What Did You Learn?

Whenever I, or someone I’m talking to in recovery, goes through a rough time or acts out, I ask, “What did you learn?”

I got this idea from a near-death experience book where someone had compiled several of these stories and pulled out the commonalities. One of the things they all had in common was a point in their experience where they met someone full of love toward them, so powerful that they could feel it. That person showed them a review of their life. They paused at crucial moments in their life; the good, the bad, and the shameful. The people expected correction or condemnation for the bad parts. Instead, for every single event, the loving person asked, “What did you learn?” The people realized that each event was a carefully crafted lesson by their Creator to help them learn a lesson.

This concept blew me away and changed my perception of God. I’ve tried to do the same for myself and others. So, every time I have a hard time, or if I’m talking to others having hard times of any kind, I ask, “What did you learn?” It changes everything. Shame and self-hatred turn into curiosity and discovering ways to navigate life more effectively.

Often the learning is about how well I’m doing my dailies or how connected I am with others in significant ways. Frequently it’s about boundaries and making adjustments to them. It can also be about working the steps and getting unstuck.

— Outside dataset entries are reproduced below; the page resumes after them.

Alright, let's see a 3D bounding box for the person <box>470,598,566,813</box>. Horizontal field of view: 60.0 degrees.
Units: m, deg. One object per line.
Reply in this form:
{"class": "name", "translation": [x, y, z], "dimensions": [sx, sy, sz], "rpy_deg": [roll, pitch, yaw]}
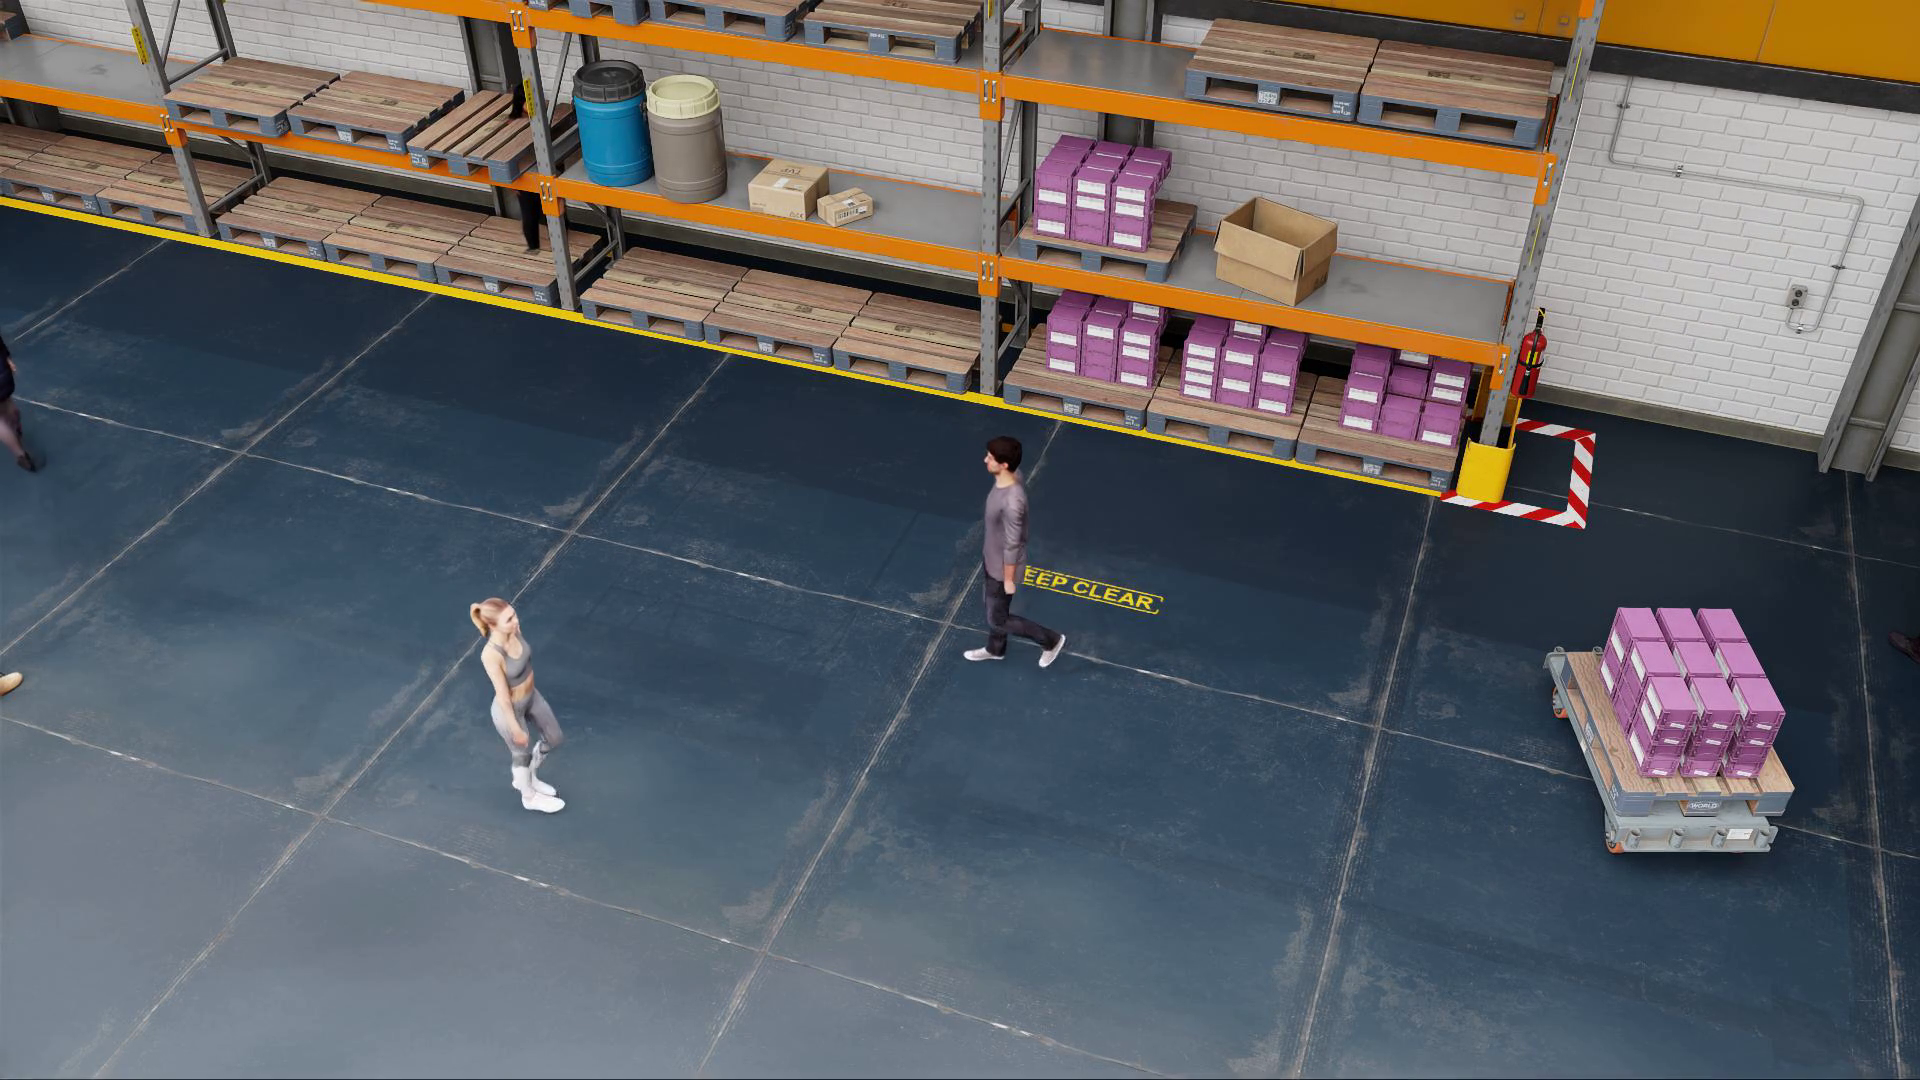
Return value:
{"class": "person", "translation": [-2.678, 0.981, 9.792], "dimensions": [0.638, 1.699, 0.630], "rpy_deg": [6, 39, 8]}

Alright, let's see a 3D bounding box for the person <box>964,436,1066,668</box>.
{"class": "person", "translation": [0.373, 0.118, 10.762], "dimensions": [1.018, 1.839, 0.880], "rpy_deg": [-2, 39, -2]}

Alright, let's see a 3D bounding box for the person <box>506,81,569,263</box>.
{"class": "person", "translation": [-3.824, -3.303, 15.064], "dimensions": [0.772, 1.815, 0.819], "rpy_deg": [-20, 43, -23]}

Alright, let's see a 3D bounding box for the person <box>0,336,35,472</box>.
{"class": "person", "translation": [-7.398, -1.217, 12.599], "dimensions": [1.000, 1.631, 0.814], "rpy_deg": [24, 45, 27]}
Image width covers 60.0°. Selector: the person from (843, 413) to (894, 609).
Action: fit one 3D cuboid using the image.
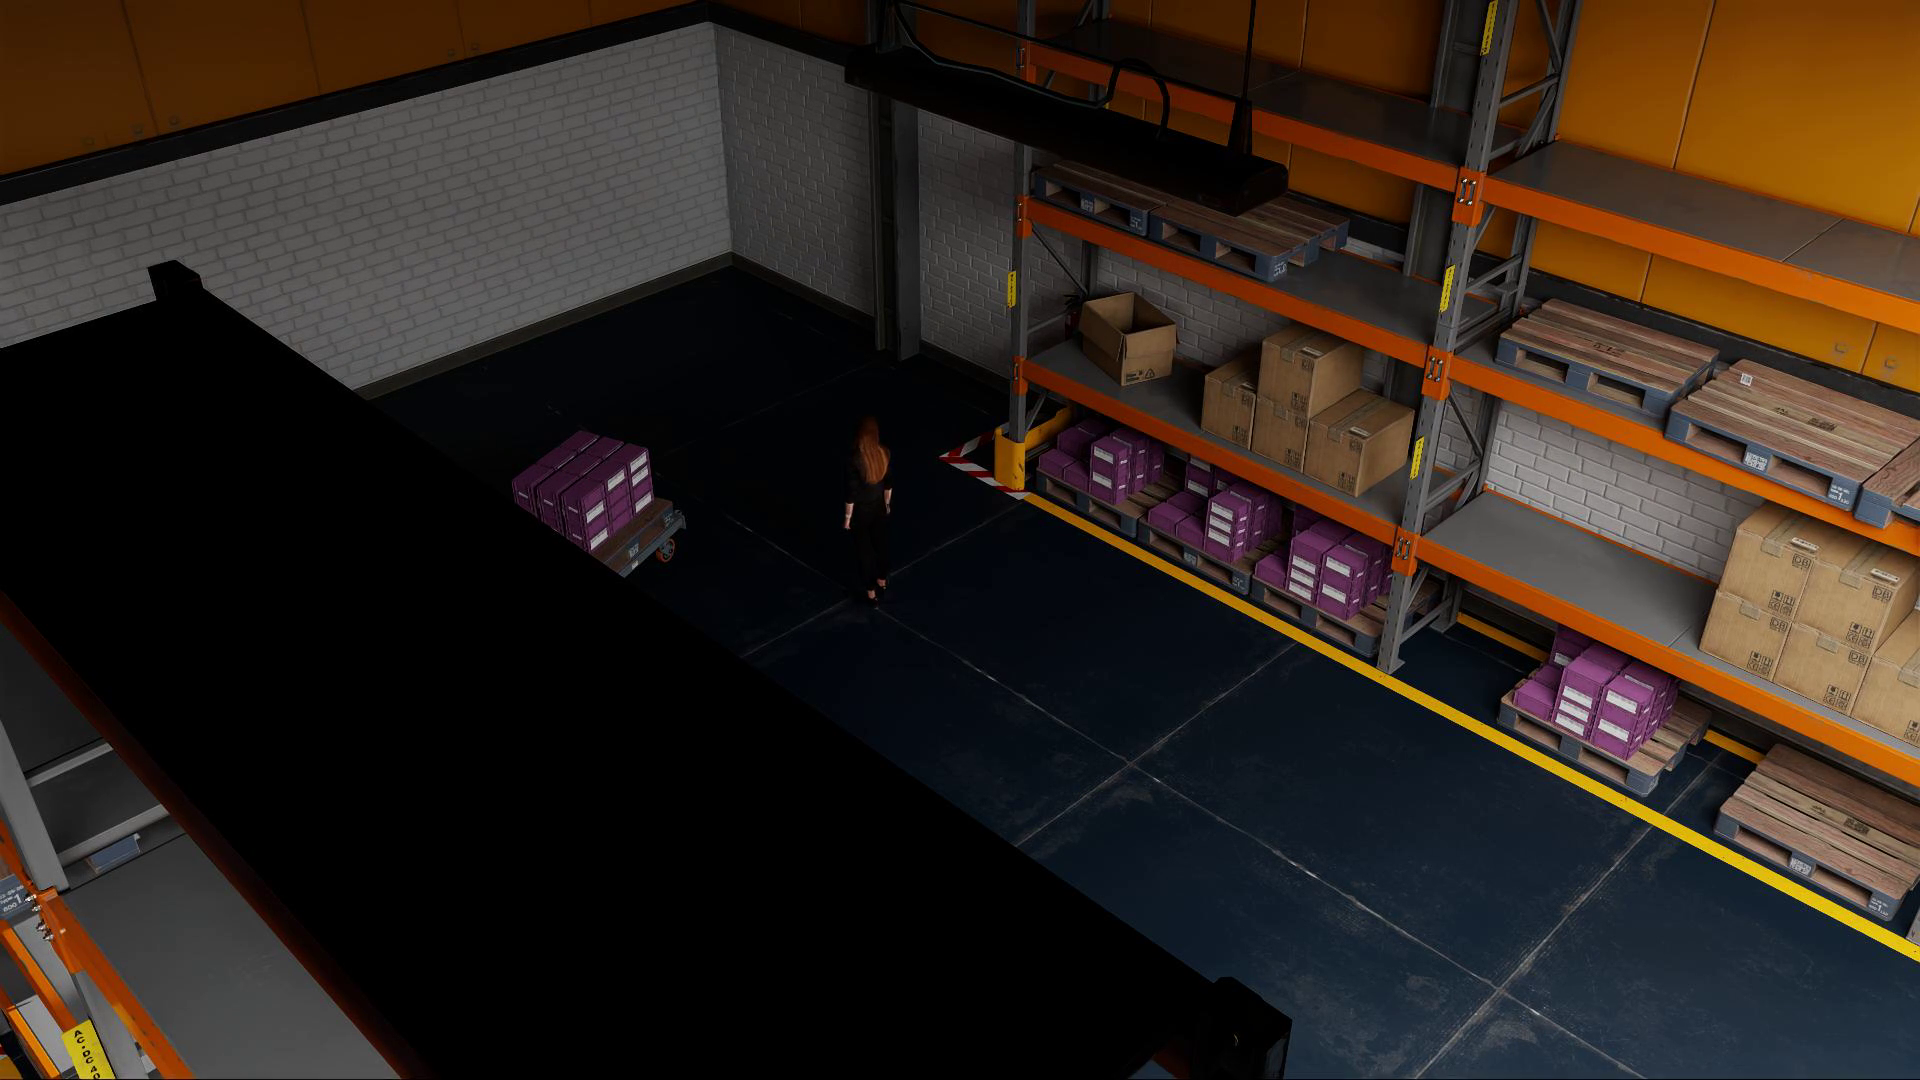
[{"bbox_3d":[-0.733,-0.251,13.414,0.639,1.729,0.642,-28,43,-36],"label":"person"}]
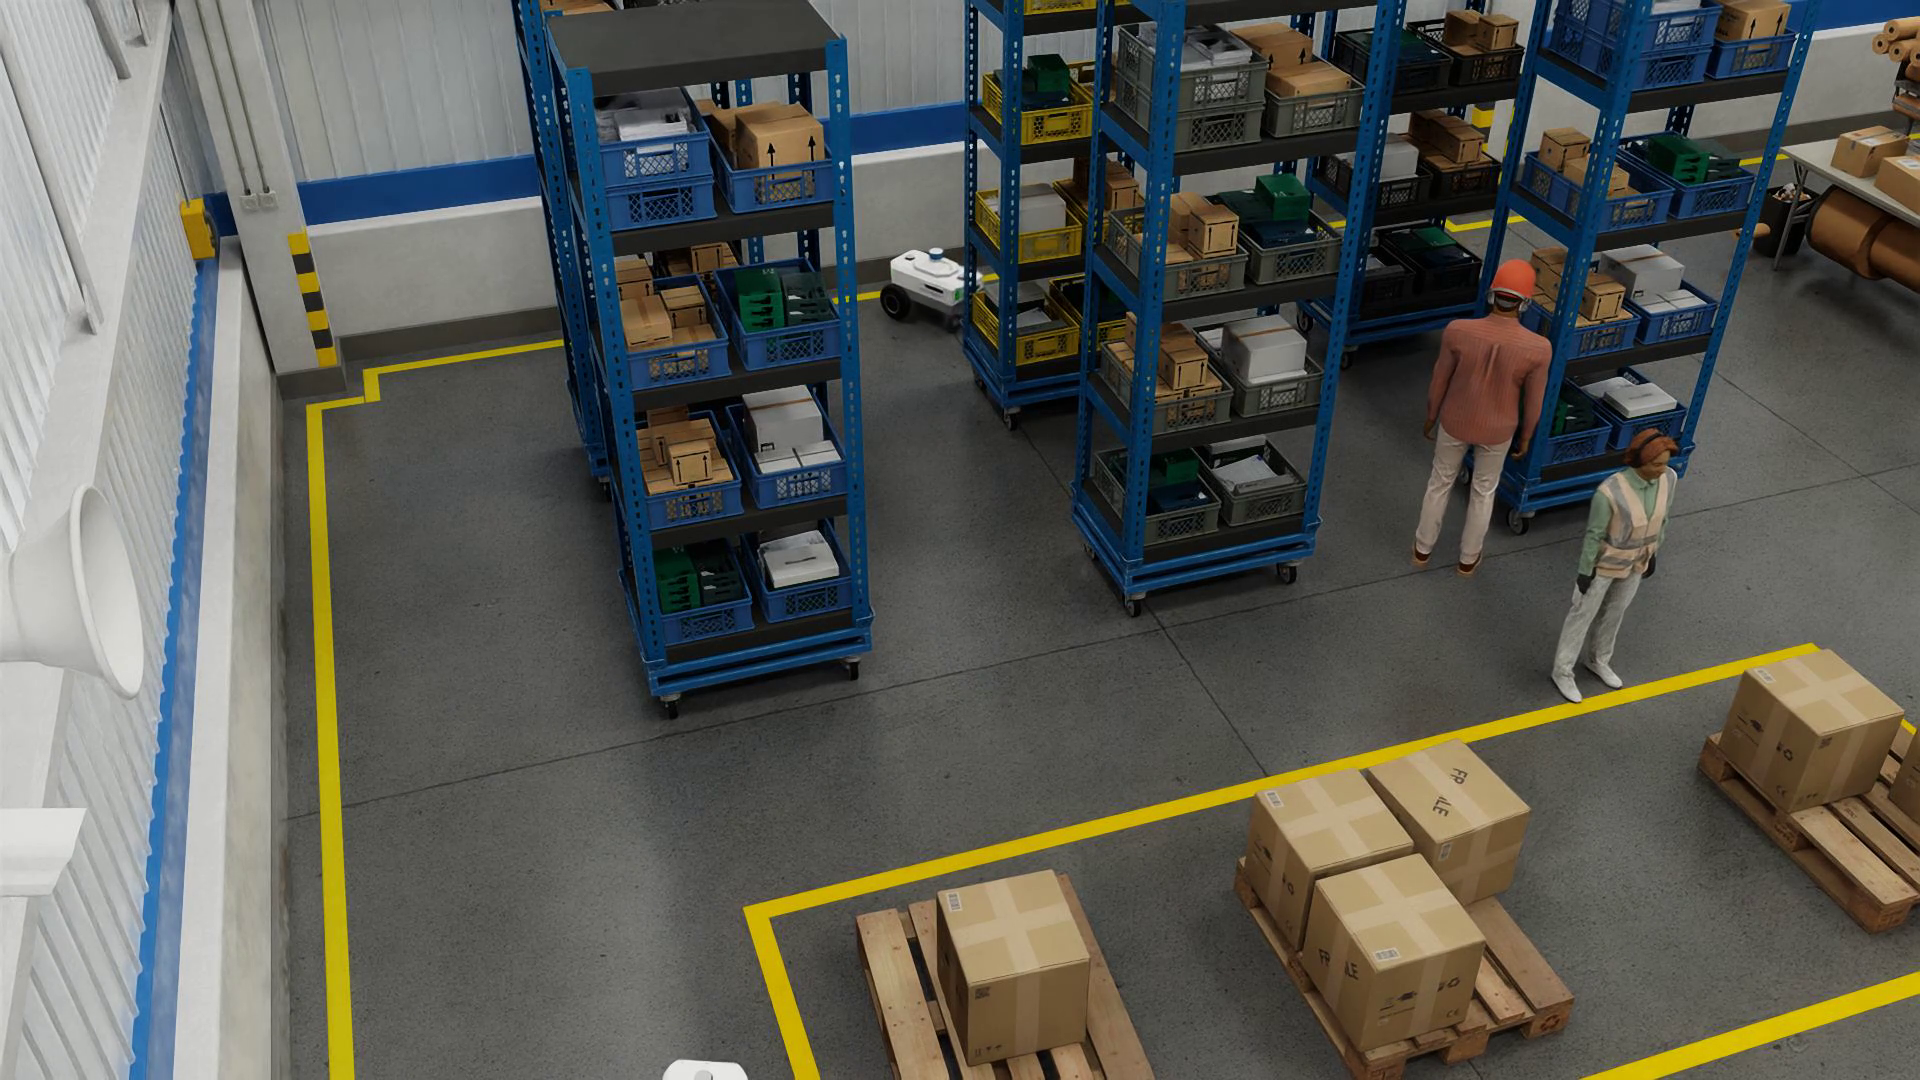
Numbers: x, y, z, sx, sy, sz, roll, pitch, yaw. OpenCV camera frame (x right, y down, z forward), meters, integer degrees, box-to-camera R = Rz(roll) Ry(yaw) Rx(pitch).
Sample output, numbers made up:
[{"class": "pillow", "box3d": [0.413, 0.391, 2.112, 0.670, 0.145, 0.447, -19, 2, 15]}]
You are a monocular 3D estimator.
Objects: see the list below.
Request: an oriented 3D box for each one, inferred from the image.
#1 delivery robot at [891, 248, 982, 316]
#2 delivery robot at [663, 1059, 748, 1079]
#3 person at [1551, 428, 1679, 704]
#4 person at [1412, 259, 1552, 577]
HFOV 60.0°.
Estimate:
[{"class": "delivery robot", "box3d": [-0.176, -1.948, 12.470, 0.707, 0.478, 0.477, 26, 43, 32]}, {"class": "delivery robot", "box3d": [-1.030, 2.352, 6.374, 0.477, 0.478, 0.707, 3, 35, 4]}, {"class": "person", "box3d": [3.423, 0.124, 8.684, 0.504, 1.631, 0.311, -14, 38, -19]}, {"class": "person", "box3d": [2.980, -0.675, 9.521, 0.626, 1.980, 0.411, 11, 37, 16]}]

It lifts me back up and helps me get back on the path, but because of this new learning, it’s a better path for me or others I’m sponsoring or just others in the group or outside the group.

Surrender

Surrender is a word that is used a lot in 12-step meetings.  They talk about surrendering our lives and wills to God in Step 3, for example.  Here’s an analogy that has helped me to understand how surrender works.  It has a lot to do with admitting the truth about my situation and letting someone who really knows what they’re doing be in charge.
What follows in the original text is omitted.